▶ WHAT IS BEING ASKED:
Considering the entries that follow, report how many lines include the string "response", giving the number alone.

Top of DATA

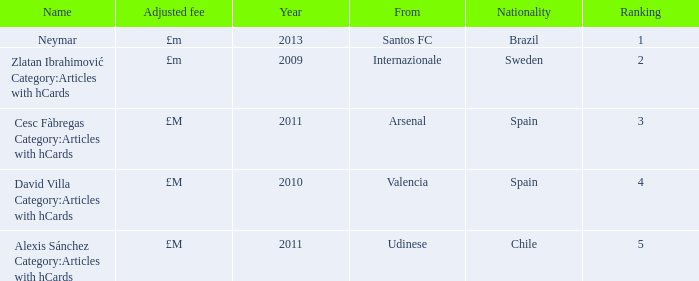What is the name of the player from Spain with a rank lower than 3? David Villa Category:Articles with hCards. Can you parse all the data within this table? {'header': ['Name', 'Adjusted fee', 'Year', 'From', 'Nationality', 'Ranking'], 'rows': [['Neymar', '£m', '2013', 'Santos FC', 'Brazil', '1'], ['Zlatan Ibrahimović Category:Articles with hCards', '£m', '2009', 'Internazionale', 'Sweden', '2'], ['Cesc Fàbregas Category:Articles with hCards', '£M', '2011', 'Arsenal', 'Spain', '3'], ['David Villa Category:Articles with hCards', '£M', '2010', 'Valencia', 'Spain', '4'], ['Alexis Sánchez Category:Articles with hCards', '£M', '2011', 'Udinese', 'Chile', '5']]} 
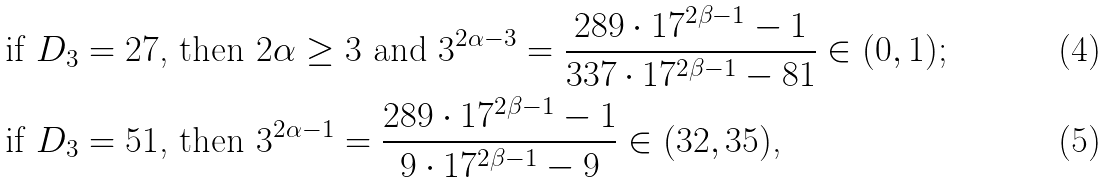Convert formula to latex. <formula><loc_0><loc_0><loc_500><loc_500>& \text {if $D_{3}=27$, then $2\alpha \geq3$ and $3^{2\alpha-3}= \frac{289\cdot17^{2\beta-1}-1}{337\cdot17^{2\beta-1}-81} \in (0,1)$;} \\ & \text {if $D_{3}=51$, then $3^{2\alpha-1}= \frac{289\cdot 17^{2\beta-1}-1}{9\cdot17^{2\beta-1}-9}\in (32,35)$,}</formula> 
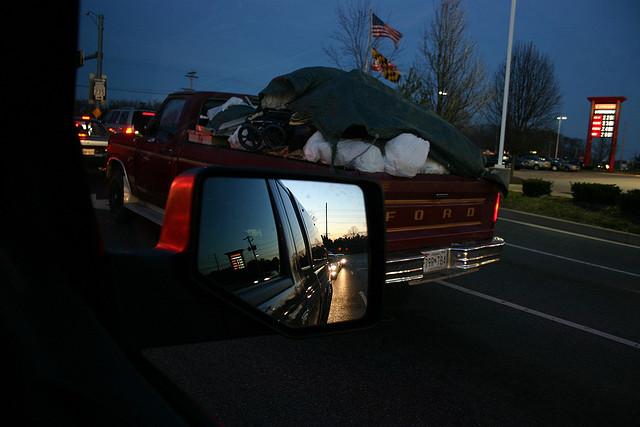What brand of truck is shown?
Quick response, please. Ford. What color is the truck?
Quick response, please. Red. Is there a reflection in the image?
Give a very brief answer. Yes.

Bottom of DATA

▶ SOLUTION TO THIS TASK:
2